Ultimately—and although Lebanon’s tax code indeed needs an overhaul—the measures described above do precious little to redress the structural flaws in a system fueling some of the world’s worst inequality. The past two decades have seen a fraction of the population accumulate wealth while a majority suffered deteriorating living conditions. Even as the overall economic output, or GDP per capita, more than doubled between 2000 and 2014, the bottom half of the population incurred a significant decrease in individual wealth over the same period—from a yearly maximum of $6,519 per adult in 2000 to $6,175 in 2014. The tax law may or may not enable the government to balance its budget; but it certainly won’t help most households do so.
A palpable (and justifiable) trepidation exists within the political class at the prospect of a deepening economic crisis—and the popular anger it would likely trigger. Aside from pinning the blame on the large numbers of Syrian refugees Lebanon has hosted, the government’s response has centered on the taxation saga—although the linkage between these tax hikes and the economy’s deep structural flaws is tenuous at best. Prime Minister Saad Hariri went as far as to claim that, had the law not been passed, “six months later the [Lebanese] lira would have collapsed.” The Lebanese pound may well be in a precarious equilibrium, for reasons that Synaps has explored at length; but Lebanon’s monetary conundrum, serious as it is, calls for fundamental structural reform—not half-hearted fiddling with taxation.

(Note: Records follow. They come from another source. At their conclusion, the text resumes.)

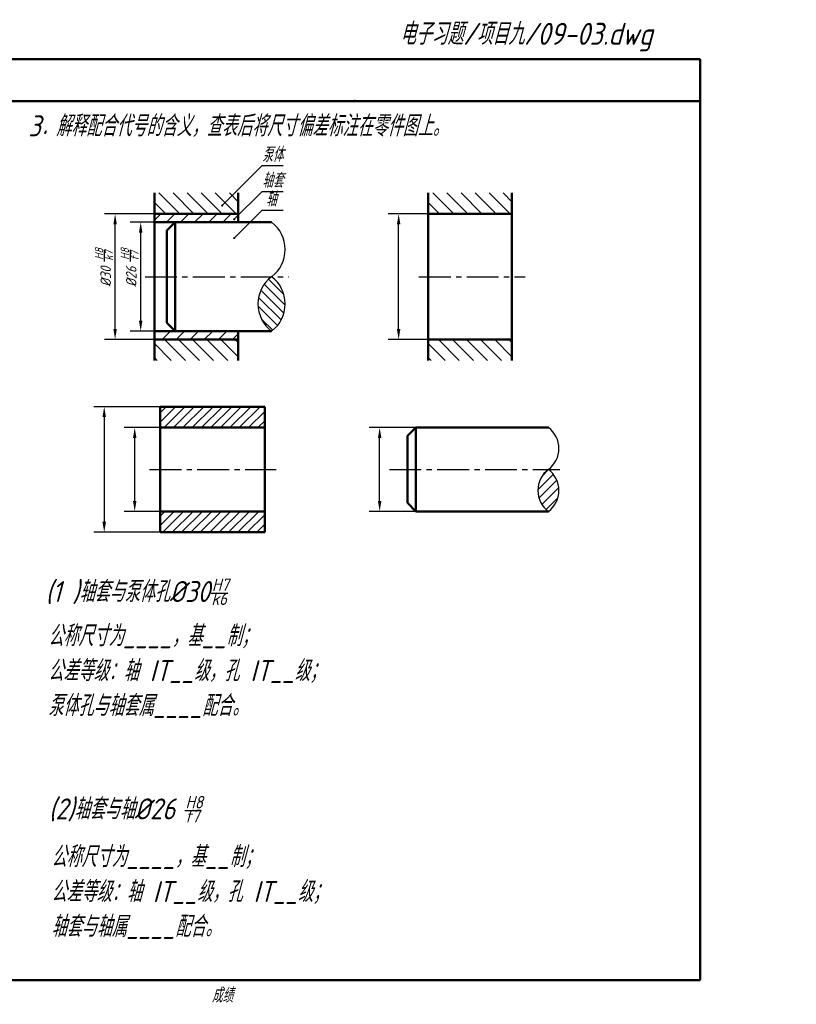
# Model space of a CAD drawing. Header units: millimetres. Extents: x 79 to 432, y 66 to 302.
import ezdxf

# ---------------------------------------------------------------- set-up
doc = ezdxf.new("R2010")
doc.units = ezdxf.units.MM
doc.header["$LTSCALE"] = 0.8
doc.linetypes.add('CENTER2', pattern=[28.575000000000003, 19.05, -3.175, 3.175, -3.175])
for name, color, linetype in [('剖面线层', 7, 'Continuous'), ('尺寸层', 221, 'Continuous'), ('细实线层', 7, 'Continuous')]:
    doc.layers.add(name, color=color, linetype=linetype)
for name, color, linetype, lineweight in [('文字层', 227, 'Continuous', 20), ('点画线层', 3, 'CENTER2', 25), ('粗实线层', 7, 'Continuous', 50)]:
    doc.layers.add(name, color=color, linetype=linetype, lineweight=lineweight)
doc.styles.add('工程字体（斜）', font='gbeitc.shx', dxfattribs={"bigfont": 'gbcbig.shx'})
doc.styles.add('工程斜体', font='gbeitc.shx', dxfattribs={"bigfont": 'gbcbig.shx'})
doc.dimstyles.new('gb35', dxfattribs={"dimtxt": 2.5, "dimasz": 2.5, "dimexe": 2.5, "dimexo": 0, "dimgap": 1, "dimtad": 1, "dimdsep": 46, "dimtxsty": '工程字体（斜）', "dimcen": 0, "dimadec": 0, "dimazin": 0, "dimtfac": 1, "dimtmove": 0, "dimatfit": 3, "dimfxl": 0, "dimarcsym": 0})

# ---------------------------------------------------------------- blocks, each defined once
blk = doc.blocks.new('*D27')
at = {"layer": 'Defpoints', "color": 0, "ltscale": 0.5}
for p in [(336.8926604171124, 255.0637065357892), (343.9709527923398, 255.0637065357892), (343.9709527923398, 225.0637065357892)]:
    blk.add_point(p, dxfattribs=at)
at = {"layer": '尺寸层', "color": 0, "lineweight": -2, "ltscale": 0.5}
for p, q in [((343.9709527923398, 255.0637065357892), (334.3926604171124, 255.0637065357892)), ((336.8926604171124, 227.5637065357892), (336.8926604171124, 252.5637065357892)), ((343.9709527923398, 225.0637065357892), (334.3926604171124, 225.0637065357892))]:
    blk.add_line(p, q, dxfattribs=at)
at = {"layer": '尺寸层', "color": 0, "ltscale": 0.5}
for points in [[(336.4759937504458, 252.5637065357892), (337.3093270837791, 252.5637065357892), (336.8926604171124, 255.0637065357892)], [(336.4759937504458, 227.5637065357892), (337.3093270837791, 227.5637065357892), (336.8926604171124, 225.0637065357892)]]:
    blk.add_solid(points, dxfattribs=at)
blk = doc.blocks.new('*D28')
at = {"layer": 'Defpoints', "color": 0, "ltscale": 0.5}
for p in [(269.1464087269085, 255.0637065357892), (278.534846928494, 255.0637065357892), (278.534846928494, 225.0637065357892)]:
    blk.add_point(p, dxfattribs=at)
at = {"layer": '尺寸层', "color": 0, "lineweight": -2, "ltscale": 0.5}
for p, q in [((278.534846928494, 255.0637065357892), (266.6464087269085, 255.0637065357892)), ((269.1464087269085, 227.5637065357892), (269.1464087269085, 252.5637065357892)), ((278.534846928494, 225.0637065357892), (266.6464087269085, 225.0637065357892))]:
    blk.add_line(p, q, dxfattribs=at)
at = {"layer": '尺寸层', "color": 0, "ltscale": 0.5}
for points in [[(268.7297420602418, 252.5637065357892), (269.5630753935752, 252.5637065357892), (269.1464087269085, 255.0637065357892)], [(268.7297420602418, 227.5637065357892), (269.5630753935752, 227.5637065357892), (269.1464087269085, 225.0637065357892)]]:
    blk.add_solid(points, dxfattribs=at)
at = {"layer": '尺寸层', "color": 0, "ltscale": 0.5, "insert": (266.8964087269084, 240.0637065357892), "char_height": 2.5, "attachment_point": 5, "rotation": 90, "style": '工程字体（斜）'}
blk.add_mtext('%%C30', dxfattribs=at)
blk = doc.blocks.new('*D18')
at = {"layer": 'Defpoints', "color": 0, "ltscale": 0.5}
for p in [(275.2580817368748, 253.0637065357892), (278.5348469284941, 253.0637065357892), (278.5348469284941, 227.0637065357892)]:
    blk.add_point(p, dxfattribs=at)
at = {"layer": '尺寸层', "color": 0, "lineweight": -2, "ltscale": 0.5}
for p, q in [((278.5348469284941, 253.0637065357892), (272.7580817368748, 253.0637065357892)), ((275.2580817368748, 229.5637065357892), (275.2580817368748, 250.5637065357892)), ((278.5348469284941, 227.0637065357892), (272.7580817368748, 227.0637065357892))]:
    blk.add_line(p, q, dxfattribs=at)
at = {"layer": '尺寸层', "color": 0, "ltscale": 0.5}
for points in [[(274.8414150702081, 250.5637065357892), (275.6747484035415, 250.5637065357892), (275.2580817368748, 253.0637065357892)], [(274.8414150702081, 229.5637065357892), (275.6747484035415, 229.5637065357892), (275.2580817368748, 227.0637065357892)]]:
    blk.add_solid(points, dxfattribs=at)
at = {"layer": '尺寸层', "color": 0, "ltscale": 0.5, "insert": (273.0080817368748, 240.0637065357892), "char_height": 2.5, "attachment_point": 5, "rotation": 90, "style": '工程字体（斜）'}
blk.add_mtext('%%C26', dxfattribs=at)
blk = doc.blocks.new('*D19')
at = {"layer": 'Defpoints', "color": 0, "ltscale": 0.5}
for p in [(273.8334012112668, 204.0101673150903), (279.9014206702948, 204.0101673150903), (279.9014206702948, 184.0101673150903)]:
    blk.add_point(p, dxfattribs=at)
at = {"layer": '尺寸层', "color": 0, "lineweight": -2, "ltscale": 0.5}
for p, q in [((279.9014206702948, 204.0101673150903), (271.3334012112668, 204.0101673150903)), ((273.8334012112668, 186.5101673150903), (273.8334012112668, 201.5101673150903)), ((279.9014206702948, 184.0101673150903), (271.3334012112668, 184.0101673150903))]:
    blk.add_line(p, q, dxfattribs=at)
at = {"layer": '尺寸层', "color": 0, "ltscale": 0.5}
for points in [[(273.4167345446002, 201.5101673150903), (274.2500678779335, 201.5101673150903), (273.8334012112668, 204.0101673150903)], [(273.4167345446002, 186.5101673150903), (274.2500678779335, 186.5101673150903), (273.8334012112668, 184.0101673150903)]]:
    blk.add_solid(points, dxfattribs=at)
blk = doc.blocks.new('*D20')
at = {"layer": 'Defpoints', "color": 0, "ltscale": 0.5}
for p in [(279.9014206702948, 209.0101673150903), (266.5471841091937, 179.0101673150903), (279.9014206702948, 179.0101673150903)]:
    blk.add_point(p, dxfattribs=at)
at = {"layer": '尺寸层', "color": 0, "lineweight": -2, "ltscale": 0.5}
for p, q in [((279.9014206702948, 209.0101673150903), (264.0471841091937, 209.0101673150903)), ((266.5471841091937, 206.5101673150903), (266.5471841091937, 181.5101673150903)), ((279.9014206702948, 179.0101673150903), (264.0471841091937, 179.0101673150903))]:
    blk.add_line(p, q, dxfattribs=at)
at = {"layer": '尺寸层', "color": 0, "ltscale": 0.5}
for points in [[(266.130517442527, 206.5101673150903), (266.9638507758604, 206.5101673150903), (266.5471841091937, 209.0101673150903)], [(266.130517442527, 181.5101673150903), (266.9638507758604, 181.5101673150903), (266.5471841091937, 179.0101673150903)]]:
    blk.add_solid(points, dxfattribs=at)
blk = doc.blocks.new('*D21')
at = {"layer": 'Defpoints', "color": 0, "ltscale": 0.5}
for p in [(332.3508318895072, 204.0101673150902), (341.0219032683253, 204.0101673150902), (341.0219032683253, 184.0101673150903)]:
    blk.add_point(p, dxfattribs=at)
at = {"layer": '尺寸层', "color": 0, "lineweight": -2, "ltscale": 0.5}
for p, q in [((341.0219032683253, 204.0101673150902), (329.8508318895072, 204.0101673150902)), ((332.3508318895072, 186.5101673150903), (332.3508318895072, 201.5101673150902)), ((341.0219032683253, 184.0101673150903), (329.8508318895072, 184.0101673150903))]:
    blk.add_line(p, q, dxfattribs=at)
at = {"layer": '尺寸层', "color": 0, "ltscale": 0.5}
for points in [[(331.9341652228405, 201.5101673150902), (332.7674985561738, 201.5101673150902), (332.3508318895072, 204.0101673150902)], [(331.9341652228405, 186.5101673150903), (332.7674985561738, 186.5101673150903), (332.3508318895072, 184.0101673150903)]]:
    blk.add_solid(points, dxfattribs=at)

msp = doc.modelspace()

# ---------------------------------------------------------------- hatches: boundary and pattern name
at = {"layer": '剖面线层', "ltscale": 0.5}
h = msp.add_hatch(dxfattribs=at)
h.set_pattern_fill('ANSI31', scale=0.75, angle=90, style=0)
h.set_pattern_definition([(135, (12.92449299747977, 4.775157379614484), (-1.683798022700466, -1.683798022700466), [])])
h.paths.add_polyline_path([(298.5348469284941, 260.0637065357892), (278.5348469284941, 260.0637065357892), (278.5348469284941, 255.0637065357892), (298.5348469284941, 255.0637065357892)])
h.paths.add_polyline_path([(298.534846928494, 225.0637065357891), (278.5348469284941, 225.0637065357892), (278.5348469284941, 220.0637065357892), (298.5348469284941, 220.0637065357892)])
h = msp.add_hatch(dxfattribs=at)
h.set_pattern_fill('ANSI31', scale=0.75, angle=90, style=0)
h.set_pattern_definition([(135, (78.36059886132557, 4.775157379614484), (-1.683798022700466, -1.683798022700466), [])])
h.paths.add_polyline_path([(363.9709527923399, 260.0637065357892), (343.9709527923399, 260.0637065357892), (343.9709527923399, 255.0637065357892), (363.9709527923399, 255.0637065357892)])
h.paths.add_polyline_path([(363.9709527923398, 225.0637065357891), (343.9709527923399, 225.0637065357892), (343.9709527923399, 220.0637065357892), (363.9709527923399, 220.0637065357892)])
h = msp.add_hatch(dxfattribs=at)
h.set_pattern_fill('ANSI31', scale=0.75, style=0)
h.set_pattern_definition([(45, (12.92449299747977, 4.775157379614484), (-1.683798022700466, 1.683798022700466), [])])
h.paths.add_polyline_path([(278.5348469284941, 255.0637065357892), (278.5348469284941, 253.0637065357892), (283.5348469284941, 253.0637065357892), (298.5348469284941, 253.0637065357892), (298.5348469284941, 255.0637065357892)])
h.paths.add_polyline_path([(283.5348469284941, 227.0637065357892), (278.5348469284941, 227.0637065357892), (278.5348469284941, 225.0637065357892), (298.534846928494, 225.0637065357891), (298.5348469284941, 227.0637065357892)])
h = msp.add_hatch(dxfattribs=at)
h.set_pattern_fill('ANSI31', scale=0.5, angle=90, style=0)
h.set_pattern_definition([(135, (12.92449299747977, 4.775157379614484), (-1.122532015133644, -1.122532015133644), [])])
h.paths.add_polyline_path([(306.5348469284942, 227.063706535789, 0.5007249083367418), (306.5348469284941, 240.0637065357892, 0.5007249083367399)])
at = {"layer": '细实线层', "ltscale": 0.5}
h = msp.add_hatch(dxfattribs=at)
h.set_pattern_fill('ANSI31', scale=0.5, style=0)
h.set_pattern_definition([(45, (-6.926745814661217, 48.71342631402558), (-1.122532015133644, 1.122532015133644), [])])
h.paths.add_polyline_path([(304.9014206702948, 204.0101673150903), (304.9014206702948, 209.0101673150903), (279.9014206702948, 209.0101673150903), (279.9014206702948, 204.0101673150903)])
h.paths.add_polyline_path([(279.9014206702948, 184.0101673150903), (279.9014206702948, 179.0101673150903), (304.9014206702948, 179.0101673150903), (304.9014206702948, 184.0101673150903)])
h = msp.add_hatch(dxfattribs=at)
h.set_pattern_fill('ANSI31', scale=0.5, style=0)
h.set_pattern_definition([(45, (19.7772467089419, 58.81196586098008), (-1.122532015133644, 1.122532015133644), [])])
h.paths.add_polyline_path([(372.6663897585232, 194.0101673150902, 0.5049687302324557), (372.6663897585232, 184.0101673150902, 0.5049687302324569)])

# ---------------------------------------------------------------- linework, layer by layer
at = {"layer": '尺寸层', "color": 7, "ltscale": 0.5}
for p, q in [((294.7220972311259, 257.0648898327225), (304.2653289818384, 266.6081215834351)), ((304.2653289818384, 266.6081215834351), (309.2653289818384, 266.6081215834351)), ((297.5958508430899, 253.7841452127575), (304.2653289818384, 260.453623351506)), ((304.2653289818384, 260.453623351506), (309.2653289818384, 260.453623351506)), ((297.5958508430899, 249.3011068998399), (304.2653289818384, 255.9705850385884)), ((304.2653289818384, 255.9705850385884), (309.2653289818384, 255.9705850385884)), ((266.6295237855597, 243.6888851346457), (266.6295237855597, 246.460147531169)), ((272.7845846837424, 243.6888851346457), (272.7845846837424, 246.460147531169))]:
    msp.add_line(p, q, dxfattribs=at)
at = {"layer": '尺寸层', "color": 7, "const_width": 0.25}
for points in [[(294.5970972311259, 257.0648898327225, 1), (294.8470972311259, 257.0648898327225, 1)], [(297.4708508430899, 253.7841452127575, 1), (297.7208508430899, 253.7841452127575, 1)], [(297.4708508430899, 249.3011068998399, 1), (297.7208508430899, 249.3011068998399, 1)]]:
    msp.add_lwpolyline(points, format="xyb", close=True, dxfattribs=at)
at = {"layer": '点画线层', "color": 7, "ltscale": 0.5}
for p, q in [((276.311818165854, 240.0637065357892), (310.6548686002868, 240.0637065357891)), ((341.7222801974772, 240.0637065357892), (367.1106750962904, 240.0637065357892)), ((277.3530817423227, 194.0101673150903), (307.6618873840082, 194.0101673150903)), ((334.672604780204, 194.0101673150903), (375.3835689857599, 194.0101673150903))]:
    msp.add_line(p, q, dxfattribs=at)
at = {"layer": '粗实线层', "ltscale": 0.5}
for p, q in [((408.9094181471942, 292.0297198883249), (78.90941814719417, 292.0297198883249)), ((408.9094181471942, 282.0297198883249), (408.9094181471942, 292.0297198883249)), ((408.9094181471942, 282.0297198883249), (238.8783464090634, 282.0297198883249)), ((78.90941814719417, 72.0297198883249), (408.9094181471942, 72.0297198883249))]:
    msp.add_line(p, q, dxfattribs=at)
at = {"layer": '粗实线层', "color": 7, "ltscale": 0.5}
for p, q in [((408.9094181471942, 72.0297198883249), (408.9094181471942, 282.0297198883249)), ((278.5348469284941, 240.0637065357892), (278.5348469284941, 260.0637065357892)), ((298.5348469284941, 260.0637065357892), (298.5348469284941, 253.0637065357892)), ((343.9709527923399, 240.0637065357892), (343.9709527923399, 260.0637065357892)), ((363.9709527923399, 260.0637065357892), (363.9709527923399, 240.0637065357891)), ((278.5348469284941, 255.0637065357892), (298.5348469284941, 255.0637065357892)), ((343.9709527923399, 255.0637065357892), (363.9709527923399, 255.0637065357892)), ((283.5348469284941, 253.0637065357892), (278.5348469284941, 253.0637065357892)), ((283.5348469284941, 253.0637065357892), (281.5348469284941, 251.0637065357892)), ((283.5348469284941, 253.0637065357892), (306.5348469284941, 253.0637065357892)), ((283.5348469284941, 227.0637065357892), (283.5348469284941, 253.0637065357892)), ((281.5348469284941, 229.0637065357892), (281.5348469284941, 251.0637065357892)), ((278.5348469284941, 240.0637065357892), (278.5348469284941, 220.0637065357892)), ((343.9709527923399, 240.0637065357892), (343.9709527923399, 220.0637065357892)), ((363.9709527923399, 220.0637065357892), (363.9709527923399, 240.0637065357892)), ((283.5348469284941, 227.0637065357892), (281.5348469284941, 229.0637065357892)), ((283.5348469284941, 227.0637065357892), (278.5348469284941, 227.0637065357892)), ((283.5348469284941, 227.0637065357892), (306.5348469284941, 227.0637065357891)), ((298.5348469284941, 220.0637065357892), (298.5348469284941, 227.0637065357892)), ((278.534846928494, 225.0637065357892), (298.534846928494, 225.0637065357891)), ((343.9709527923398, 225.0637065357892), (363.9709527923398, 225.0637065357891)), ((279.9014206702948, 209.0101673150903), (279.9014206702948, 194.0101673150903)), ((279.9014206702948, 209.0101673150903), (304.9014206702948, 209.0101673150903)), ((304.9014206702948, 209.0101673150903), (304.9014206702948, 194.0101673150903)), ((279.9014206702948, 204.0101673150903), (304.9014206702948, 204.0101673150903)), ((339.0219032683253, 202.0101673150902), (341.0219032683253, 204.0101673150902)), ((341.0219032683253, 204.0101673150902), (372.6663897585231, 204.0101673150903)), ((341.0219032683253, 204.0101673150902), (341.0219032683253, 184.0101673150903)), ((339.0219032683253, 202.0101673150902), (339.0219032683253, 186.0101673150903)), ((279.9014206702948, 179.0101673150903), (279.9014206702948, 194.0101673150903)), ((304.9014206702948, 179.0101673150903), (304.9014206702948, 194.0101673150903)), ((339.0219032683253, 186.0101673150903), (341.0219032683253, 184.0101673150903)), ((279.9014206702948, 184.0101673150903), (304.9014206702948, 184.0101673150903)), ((341.0219032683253, 184.0101673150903), (372.6663897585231, 184.0101673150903)), ((279.9014206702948, 179.0101673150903), (304.9014206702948, 179.0101673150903))]:
    msp.add_line(p, q, dxfattribs=at)
at = {"layer": '粗实线层'}
msp.add_point((326.4094181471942, 282.0297198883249), dxfattribs=at)
at = {"layer": '细实线层', "color": 7, "ltscale": 0.5}
for p, q in [((292.1330469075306, 164.4990527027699), (296.1037167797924, 164.4990527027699)), ((285.8154351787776, 112.572244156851), (289.7861050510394, 112.572244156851))]:
    msp.add_line(p, q, dxfattribs=at)
for centre, radius, start, end in [((301.6716130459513, 246.5637065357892), 8.117945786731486, 306.8034622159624, 53.1965377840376), ((311.3980808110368, 233.5637065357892), 8.117945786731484, 126.8034622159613, 233.1965377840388), ((301.6716130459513, 233.5637065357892), 8.117945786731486, 306.8034622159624, 53.1965377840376), ((368.9780099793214, 199.0101673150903), 6.213223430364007, 306.4153039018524, 53.58469609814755), ((376.3547695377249, 189.0101673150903), 6.213223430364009, 126.4153039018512, 233.5846960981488), ((368.9780099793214, 189.0101673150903), 6.213223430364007, 306.4153039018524, 53.58469609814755)]:
    msp.add_arc(centre, radius, start, end, dxfattribs=at)

# ---------------------------------------------------------------- texts
at = {"layer": '尺寸层', "color": 7, "ltscale": 0.5, "char_height": 3.5, "width": 7.732757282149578, "attachment_point": 1, "style": '工程斜体'}
for s, insert in [('泵体', (304.2685075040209, 270.9809582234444)), ('轴套', (304.2685075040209, 264.8264599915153)), ('轴', (305.147362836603, 260.3434216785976))]:
    msp.add_mtext(s, dxfattribs=dict(at, insert=insert))
at = {"layer": '尺寸层', "color": 7, "ltscale": 0.5, "char_height": 2, "width": 1.904213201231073, "attachment_point": 1, "rotation": 90, "style": '工程斜体'}
for s, insert in [('H8', (264.3083000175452, 244.1101699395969)), ('H8', (270.4633609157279, 244.1101699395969)), ('k7', (266.6663629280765, 243.8858765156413)), ('f7', (272.8214238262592, 243.8858765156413))]:
    msp.add_mtext(s, dxfattribs=dict(at, insert=insert))
at = {"layer": '文字层', "color": 7, "style": '工程字体（斜）'}
msp.add_text('成绩', height=3.5, dxfattribs=at).set_placement((292.2261378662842, 66.6585086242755))
at = {"layer": '细实线层', "ltscale": 0.5, "style": '工程字体（斜）'}
msp.add_text('电子习题/项目九/09-03.dwg', height=5.25, dxfattribs=at).set_placement((337.1353046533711, 295.46021618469))
at = {"layer": '细实线层', "color": 7, "ltscale": 0.5, "attachment_point": 1, "style": '工程斜体'}
for s, insert, char_height, width in [('1．根据配合代号在零件图上分别标出轴和孔的偏差值，并指出是何种配合。', (83.39314657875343, 278.5988081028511), 5, 126.1784758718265), ('3．解释配合代号的含义，查表后将尺寸偏差标注在零件图上。', (248.3931465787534, 278.5988081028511), 5, 126.1784758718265), ('(1 )轴套与泵体孔%%C30', (252.5401354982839, 167.3505806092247), 5, 100.9616153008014), ('H7', (292.2936267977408, 167.9596573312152), 3, 1.904213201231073), ('k6', (292.159061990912, 164.6331898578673), 3, 1.904213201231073), ('公称尺寸为____，基__制；\\P公差等级：轴 IT__级，孔 IT__级；\\P泵体孔与轴套属____配合。', (253.1094703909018, 156.7799088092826), 5, 100.9616153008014), ('(2)轴套与轴%%C26', (253.2950201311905, 115.4237720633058), 5, 100.9616153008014), ('H8', (285.9760150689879, 116.0328487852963), 3, 1.904213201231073), ('f7', (285.841450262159, 112.7063813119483), 3, 1.904213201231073), ('公称尺寸为____，基__制；\\P公差等级：轴 IT__级，孔 IT__级；\\P轴套与轴属____配合。', (253.8643550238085, 104.0153143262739), 5, 100.9616153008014), ('滚动轴承外径与座孔的配合为___制，座孔的基本偏差代号为___，公差等级为__级；\\P滚动轴承内径与轴的配合为___制，轴的基本偏差代号为___，公差等级为__级。', (83.35132600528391, 101.2114210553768), 5, 162.8903256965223)]:
    msp.add_mtext(s, dxfattribs=dict(at, insert=insert, char_height=char_height, width=width))

# ---------------------------------------------------------------- dimensions: what is measured, and where the dimension line sits
at = {"layer": '尺寸层', "color": 7, "ltscale": 0.5}
for base, p1, p2, text, picture, middle in [((269.1464087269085, 255.0637065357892), (278.534846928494, 225.0637065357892), (278.534846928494, 255.0637065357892), '%%C<>', '*D28', (266.8964087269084, 240.0637065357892)), ((336.8926604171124, 255.0637065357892), (343.9709527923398, 225.0637065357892), (343.9709527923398, 255.0637065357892), ' ', '*D27', (336.8926604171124, 240.0637065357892)), ((275.2580817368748, 253.0637065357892), (278.5348469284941, 227.0637065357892), (278.5348469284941, 253.0637065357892), '%%C<>', '*D18', (273.0080817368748, 240.0637065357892)), ((266.5471841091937, 179.0101673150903), (279.9014206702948, 209.0101673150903), (279.9014206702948, 179.0101673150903), ' ', '*D20', (266.5471841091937, 194.0101673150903)), ((273.8334012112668, 204.0101673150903), (279.9014206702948, 184.0101673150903), (279.9014206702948, 204.0101673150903), ' ', '*D19', (273.8334012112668, 194.0101673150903)), ((332.3508318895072, 204.0101673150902), (341.0219032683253, 184.0101673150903), (341.0219032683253, 204.0101673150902), ' ', '*D21', (332.3508318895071, 194.0101673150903))]:
    dim = msp.add_linear_dim(base=base, p1=p1, p2=p2, angle=90, text=text, dimstyle='gb35', dxfattribs=at)
    dim.commit()
    dim.dimension.update_dxf_attribs({"geometry": picture, "text_midpoint": middle})

doc.saveas('drawing.dxf')

In the final analysis, it seems plausible that Beirut chose to focus on taxes not because they are particularly relevant to the country’s economic shortcomings, but because these hikes happened to be the only thing Lebanese politicians could agree upon—in a system where more meaningful reforms raise all sorts of unseemly conflicts of interests. Unable to articulate any coherent economic policy, the government filled the void with a news-grabbing process designed to create the impression of movement. If movement there was, it ended up being in the wrong direction.